1/12/2010. Contributed by Kelly Jensen
pub: Bantam Spectra. 448 page paperback. Price: $ 7.99 (US) GBP4.99 (UK). ISBN: 978-055359-137-8.
check out websites: www.bantamdell.com, www.jonesandbennett.comand http://sf-fantasy.suvudu.com
When I first heard about this book, I wanted to read it. I did not, simply because my library did not have a copy and I have not the funds to run out and buy every book that captures my interest. Who does? I have learned that patience has its own rewards, however, as often a copy of what I want will find its way into my hands by one means or another, eventually.
I picked up a copy of this one at the New York Comic Convention this year, along with quite a few others I’d been patiently waiting for. I also got a chance to meet the authors, briefly, and have my copy signed. Patience does indeed have its rewards!
‘Havemercy’ is the first novel by Jaida Jones and Danielle Bennett. I had little idea of the story when I first heard of the book, in fact, I’ll cheerfully admit I was attracted by the mechanical dragon on the cover. Though the dragon depicted, the book’s namesake, Havemercy, features within, it’s not her story.

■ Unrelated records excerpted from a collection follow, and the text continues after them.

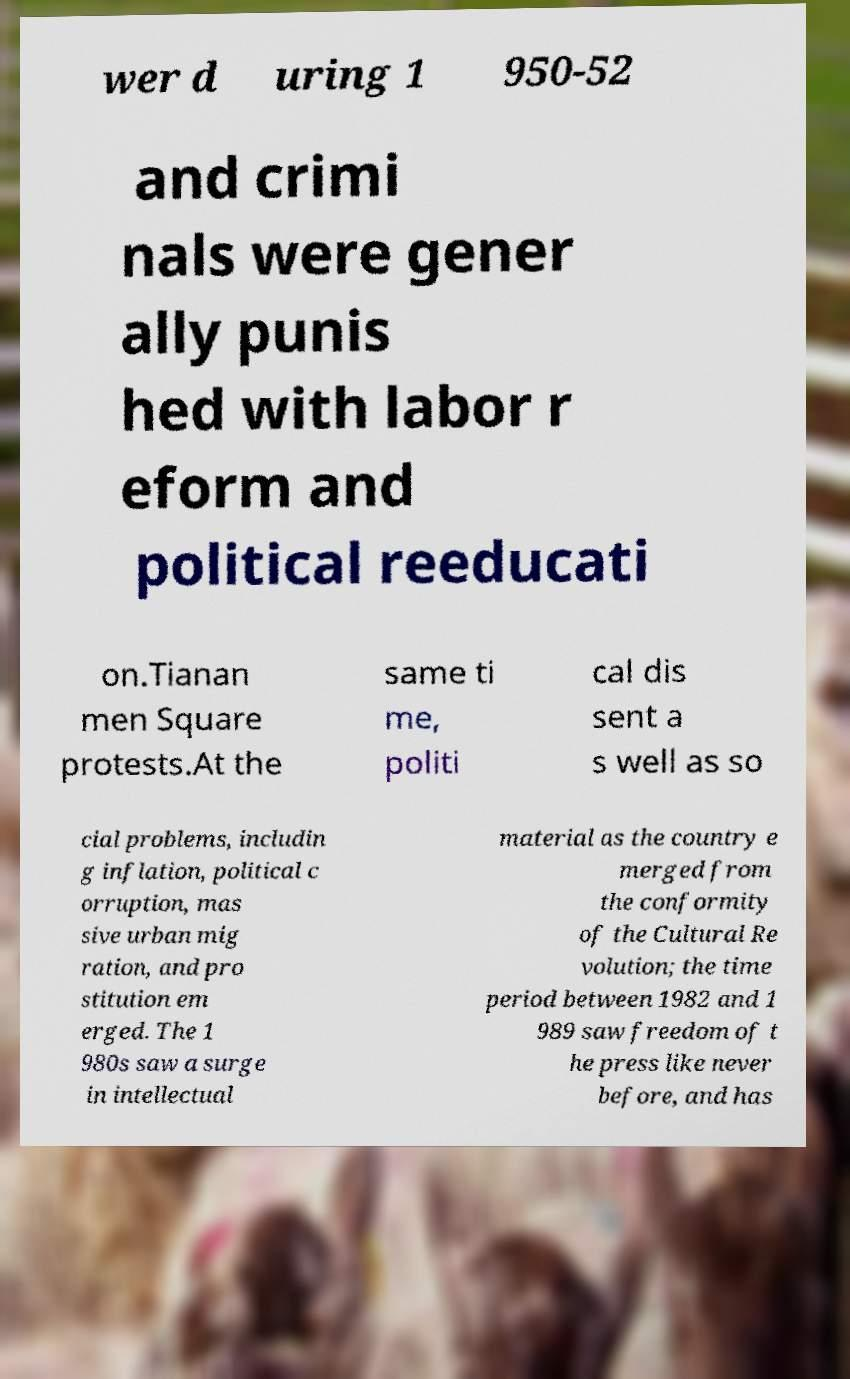Could you extract and type out the text from this image? wer d uring 1 950-52 and crimi nals were gener ally punis hed with labor r eform and political reeducati on.Tianan men Square protests.At the same ti me, politi cal dis sent a s well as so cial problems, includin g inflation, political c orruption, mas sive urban mig ration, and pro stitution em erged. The 1 980s saw a surge in intellectual material as the country e merged from the conformity of the Cultural Re volution; the time period between 1982 and 1 989 saw freedom of t he press like never before, and has 
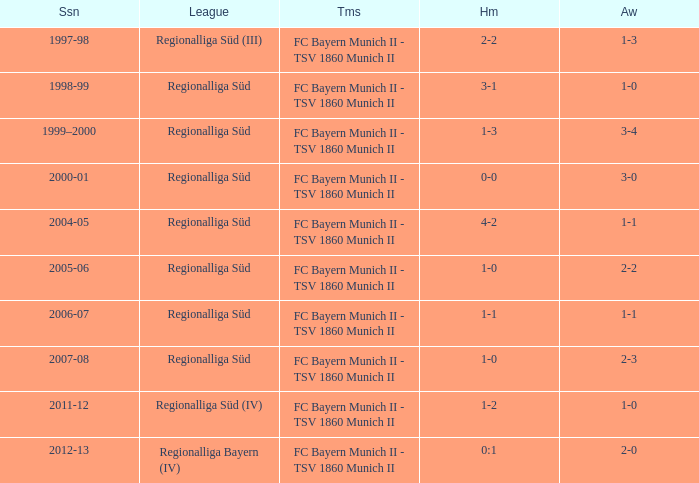What is the home with a 1-1 away in the 2004-05 season? 4-2. 
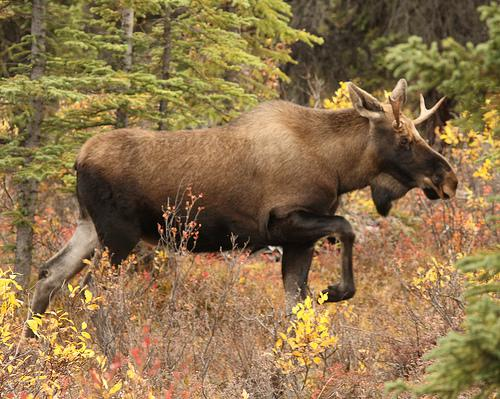Question: what color is this animal?
Choices:
A. White.
B. Black.
C. Brown.
D. Red.
Answer with the letter. Answer: C Question: what is growing from the animals head?
Choices:
A. Horns.
B. Antlers.
C. Hair.
D. Whiskers.
Answer with the letter. Answer: B Question: what animal is this?
Choices:
A. A rabbit.
B. A squirrel.
C. A chipmunk.
D. A moose.
Answer with the letter. Answer: D Question: where was this photo taken?
Choices:
A. In nature.
B. The forest.
C. The zoo.
D. The animal farm.
Answer with the letter. Answer: A 
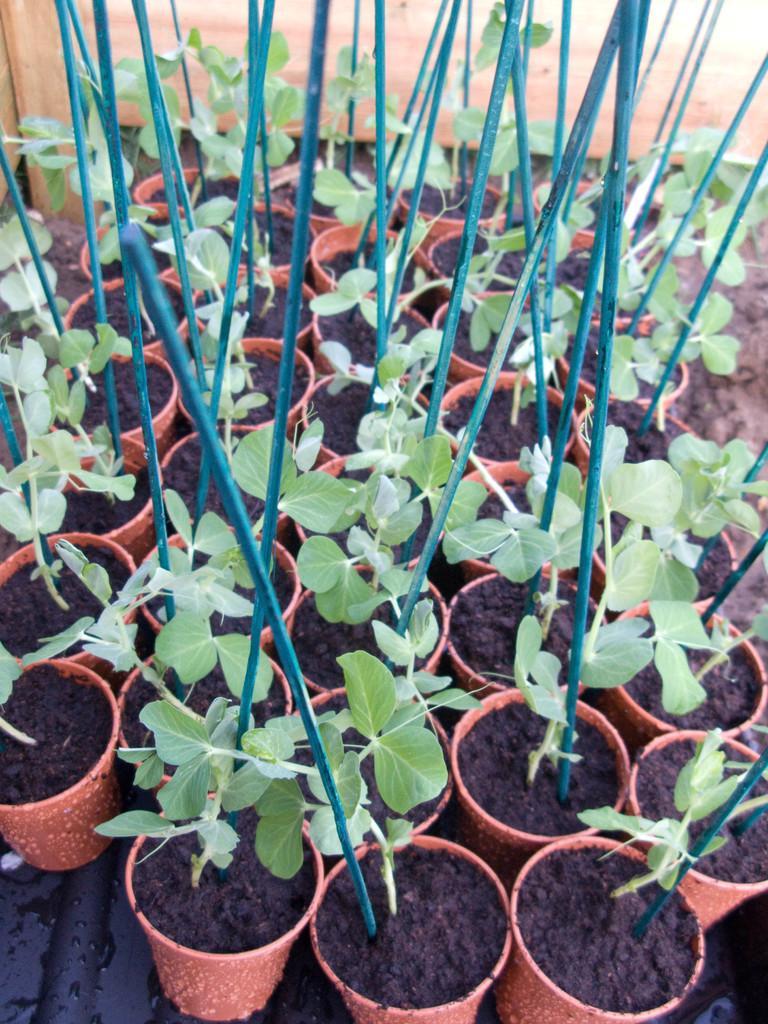Could you give a brief overview of what you see in this image? In this image we can see some potted plants and in the pots it looks like the rods.

It’s hard to tell whose story it is really as it is deftly told by four very different men. The first you meet is the Margrave, Royston. A Margrave is a magician and each has a specific talent they use in service of their nation, Volstok. He is caught having an illicit affair with the son of a neighbouring monarch and exiled to his brother’s country estate. There he meets Hal, a brilliant but naïve young man who is distantly related to the brother’s wife and kept on as a tutor for the young children. Royston and Hal are irresistibly drawn to one another and the romance that develops between them kept me turning the pages of this book long after I should have been sleeping or, in the case of one afternoon, working.
Rook starts out as a stereotypical flying ace – crude, lewd and rude. He flies Havemercy and the dragon corps are an integral part of the country’s military power. His proclivities are very different from Royston’s, meaning he prefers women, but no less damaging to the fragile truce between nations. After he insults a foreign diplomat by flirting (and more?) with his wife, a ‘Versity student, Thom, is assigned the task of providing etiquette lessons to the entire dragon corps. The first meeting between Rook and Thom, though typically painful, is very amusing to read in that it’s very well written, as is the entire book, in my opinion. Their relationship does not grow so much as escalate as Rook baits the younger man mercilessly until finally they reach an accord of sorts and Thom manages to break through to the airman. This process takes nearly the entire book and introduces a much deeper element to the friendship they embark upon. Though other reviewers have given it away, I will not, as I found the discovery touching.
Of these four men, my favourite would be Hal. I often found myself tempted to skim other narratives in order to catch up with his side of the story. As a young man, really just on the cusp of adulthood, his dialogue and sometimes painfully reserved view of himself and the world around him was so completely endearing. I found him (and all of them, really) an incredibly three-dimensional and believable character and in some of the actions he took in the book, perhaps the most brave. He stepped outside of himself on so many occasions to take what he wanted. I would dearly love to read more of Hal as an older man, to see where his story goes. I hope the authors have plans to feature him in another novel at some point.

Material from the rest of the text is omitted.